Nobody around Ithaca is fooled by the balmy late December weather. OK, a few dreadlocked boneheads were careening around the Commons shirtless yesterday. Smoked a little too much Salvia or is that Saliva, eh? What the fuck is Salvia anyway? All the headshops along botiqueland boulevard are advertising it.
The oldtimers know that winter is just getting warmed up. In another few days Ithaca will once again be encased in a frozen jello mold of dirty snow and ice. Waiting for mister groundhog. Like some fuzzy godot. A few idiots will leave their xmas lights up until April to fool themselves into thinking that there is something to look forward to in life.
Ez knows there is nothing to look forward to. No pancake dinners. No holidays on ice. No terrorist attacks. Nothing. This is Ithaca in winter. Hunker down.
Well, at least, we have tv. Hyperreality in a box. Let your brain fall asleep. And you can always look forward to the Thursday night lineup. Autopsy night.
What's the story with the sudden revival of medical examiner shows? Tell the truth now. Didn't you used to like to watch Quincy? Despite the bozo they got to play the loveable coroner, that show had merit. Except they never showed the good stuff - you know - lacerated heart muscles, eyeballs rolling around Las Vegas parking lots, headless torsos buried in the desert sand. At least you could imagine Quincy cutting a chest open. You could hear the whirring sound of a buzz saw rippling through a cranial shell even if you couldn't see it.
Now things have changed. This is the 21st Century, post Patricia Cornwall.

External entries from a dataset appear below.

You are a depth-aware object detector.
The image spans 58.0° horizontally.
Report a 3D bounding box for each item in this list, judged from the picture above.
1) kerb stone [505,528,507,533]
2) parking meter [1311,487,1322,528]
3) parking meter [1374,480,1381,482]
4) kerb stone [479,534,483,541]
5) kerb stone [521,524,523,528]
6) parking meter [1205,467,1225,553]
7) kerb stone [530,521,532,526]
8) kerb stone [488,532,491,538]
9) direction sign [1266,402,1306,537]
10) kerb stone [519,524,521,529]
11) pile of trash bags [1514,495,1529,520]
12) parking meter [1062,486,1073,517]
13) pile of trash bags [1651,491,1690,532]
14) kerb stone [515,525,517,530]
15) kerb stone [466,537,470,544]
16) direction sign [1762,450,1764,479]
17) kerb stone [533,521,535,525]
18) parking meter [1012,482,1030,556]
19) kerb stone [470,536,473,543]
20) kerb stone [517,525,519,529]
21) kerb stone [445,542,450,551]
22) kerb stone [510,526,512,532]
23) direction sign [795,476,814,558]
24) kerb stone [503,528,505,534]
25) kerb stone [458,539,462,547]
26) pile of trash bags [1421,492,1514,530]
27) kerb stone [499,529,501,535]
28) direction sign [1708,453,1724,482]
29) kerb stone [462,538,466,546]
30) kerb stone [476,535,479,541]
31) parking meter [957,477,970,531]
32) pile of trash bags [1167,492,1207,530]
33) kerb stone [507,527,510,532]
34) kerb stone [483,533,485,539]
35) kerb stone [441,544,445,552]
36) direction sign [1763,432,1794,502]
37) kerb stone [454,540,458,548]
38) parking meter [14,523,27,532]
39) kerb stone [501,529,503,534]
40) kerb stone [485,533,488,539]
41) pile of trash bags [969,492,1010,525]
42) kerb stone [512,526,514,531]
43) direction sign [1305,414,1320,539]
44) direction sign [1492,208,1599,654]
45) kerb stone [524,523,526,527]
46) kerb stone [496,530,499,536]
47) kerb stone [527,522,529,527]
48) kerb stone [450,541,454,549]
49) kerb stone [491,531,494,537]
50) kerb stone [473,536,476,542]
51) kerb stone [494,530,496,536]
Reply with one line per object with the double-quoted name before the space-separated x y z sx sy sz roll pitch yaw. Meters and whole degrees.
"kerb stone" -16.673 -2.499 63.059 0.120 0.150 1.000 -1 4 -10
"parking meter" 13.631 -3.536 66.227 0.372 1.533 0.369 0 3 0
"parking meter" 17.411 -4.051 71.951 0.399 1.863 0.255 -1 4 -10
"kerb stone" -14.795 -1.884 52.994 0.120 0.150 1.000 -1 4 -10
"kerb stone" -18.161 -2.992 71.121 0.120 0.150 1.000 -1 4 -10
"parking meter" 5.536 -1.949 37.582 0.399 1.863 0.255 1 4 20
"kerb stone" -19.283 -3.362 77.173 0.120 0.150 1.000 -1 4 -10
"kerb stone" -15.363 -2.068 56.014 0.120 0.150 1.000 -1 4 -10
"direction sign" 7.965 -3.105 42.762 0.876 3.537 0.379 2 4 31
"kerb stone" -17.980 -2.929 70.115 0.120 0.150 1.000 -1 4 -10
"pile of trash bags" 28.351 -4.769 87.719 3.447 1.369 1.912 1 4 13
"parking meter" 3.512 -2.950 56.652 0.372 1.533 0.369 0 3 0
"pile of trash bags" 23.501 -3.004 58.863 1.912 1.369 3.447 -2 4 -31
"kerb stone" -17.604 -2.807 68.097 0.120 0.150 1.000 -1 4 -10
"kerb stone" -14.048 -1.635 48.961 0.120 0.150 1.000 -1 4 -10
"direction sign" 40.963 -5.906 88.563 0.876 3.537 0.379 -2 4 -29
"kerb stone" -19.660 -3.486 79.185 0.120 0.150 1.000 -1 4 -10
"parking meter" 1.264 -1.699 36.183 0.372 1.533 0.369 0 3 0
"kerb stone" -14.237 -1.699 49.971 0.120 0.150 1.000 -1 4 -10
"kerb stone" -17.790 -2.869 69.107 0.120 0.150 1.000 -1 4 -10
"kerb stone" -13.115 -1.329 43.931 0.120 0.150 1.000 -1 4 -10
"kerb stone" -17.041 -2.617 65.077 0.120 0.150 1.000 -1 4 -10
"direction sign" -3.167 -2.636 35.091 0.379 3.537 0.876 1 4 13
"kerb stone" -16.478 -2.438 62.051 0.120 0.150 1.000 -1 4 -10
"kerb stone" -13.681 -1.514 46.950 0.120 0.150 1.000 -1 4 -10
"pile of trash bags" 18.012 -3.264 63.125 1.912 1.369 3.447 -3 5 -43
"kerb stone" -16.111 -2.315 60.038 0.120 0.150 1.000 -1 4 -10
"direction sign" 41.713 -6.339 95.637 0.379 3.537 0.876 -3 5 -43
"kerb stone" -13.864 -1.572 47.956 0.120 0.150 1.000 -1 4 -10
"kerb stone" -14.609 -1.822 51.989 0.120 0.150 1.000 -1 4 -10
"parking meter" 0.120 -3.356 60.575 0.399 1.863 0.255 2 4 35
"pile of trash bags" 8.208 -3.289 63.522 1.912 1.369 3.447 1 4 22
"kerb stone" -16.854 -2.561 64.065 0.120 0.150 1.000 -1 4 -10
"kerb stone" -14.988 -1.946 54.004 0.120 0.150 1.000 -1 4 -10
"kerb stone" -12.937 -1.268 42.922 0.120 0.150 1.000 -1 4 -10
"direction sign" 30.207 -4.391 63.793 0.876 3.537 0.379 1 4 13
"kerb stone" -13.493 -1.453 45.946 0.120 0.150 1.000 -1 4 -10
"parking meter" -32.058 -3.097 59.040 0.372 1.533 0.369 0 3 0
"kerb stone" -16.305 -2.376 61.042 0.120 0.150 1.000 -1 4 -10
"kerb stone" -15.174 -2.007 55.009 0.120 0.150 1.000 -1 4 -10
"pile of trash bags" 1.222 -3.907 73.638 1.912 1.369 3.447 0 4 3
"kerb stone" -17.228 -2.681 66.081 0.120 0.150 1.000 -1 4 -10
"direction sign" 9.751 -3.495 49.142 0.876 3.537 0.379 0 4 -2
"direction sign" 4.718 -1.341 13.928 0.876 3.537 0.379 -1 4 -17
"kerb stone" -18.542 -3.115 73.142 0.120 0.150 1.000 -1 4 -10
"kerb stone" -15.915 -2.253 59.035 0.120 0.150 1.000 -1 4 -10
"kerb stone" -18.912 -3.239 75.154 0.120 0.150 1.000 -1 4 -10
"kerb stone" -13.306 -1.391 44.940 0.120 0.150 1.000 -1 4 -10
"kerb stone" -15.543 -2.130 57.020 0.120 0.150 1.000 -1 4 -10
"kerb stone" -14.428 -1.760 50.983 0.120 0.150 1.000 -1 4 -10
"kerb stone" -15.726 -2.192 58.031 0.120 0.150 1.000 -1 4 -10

TV shows everything right down to the bloated frat dude lying in the tub, looking like a rotting Pillsbury doughboy after being dead for three days. CSI, CSI Miami, Cold Case. Finally, there's something worth watching on tv.
To get us through the winter. To get us through the miserable vacuum of small town life. The Russians drink gallons of vodka. The Laps cuddle with their reindeer. What do Ithacans do? Watch tv, visit the mall and listen to the sounds of their mufflers rusting. Ezra curls up with a good autopsy program.
And Ez has begun to experience new career stirrings. You don't have to go through all that med school bullshit to be a coroner, right? You don't have to deal with those twinges of conscience like real doctors do when they prescribe $120 purple placebo pills to dying children just to make a living. When you're an ME, the patient doesn't feel a thing. Often the patient doesn't have a face let alone anything resembling a pulse.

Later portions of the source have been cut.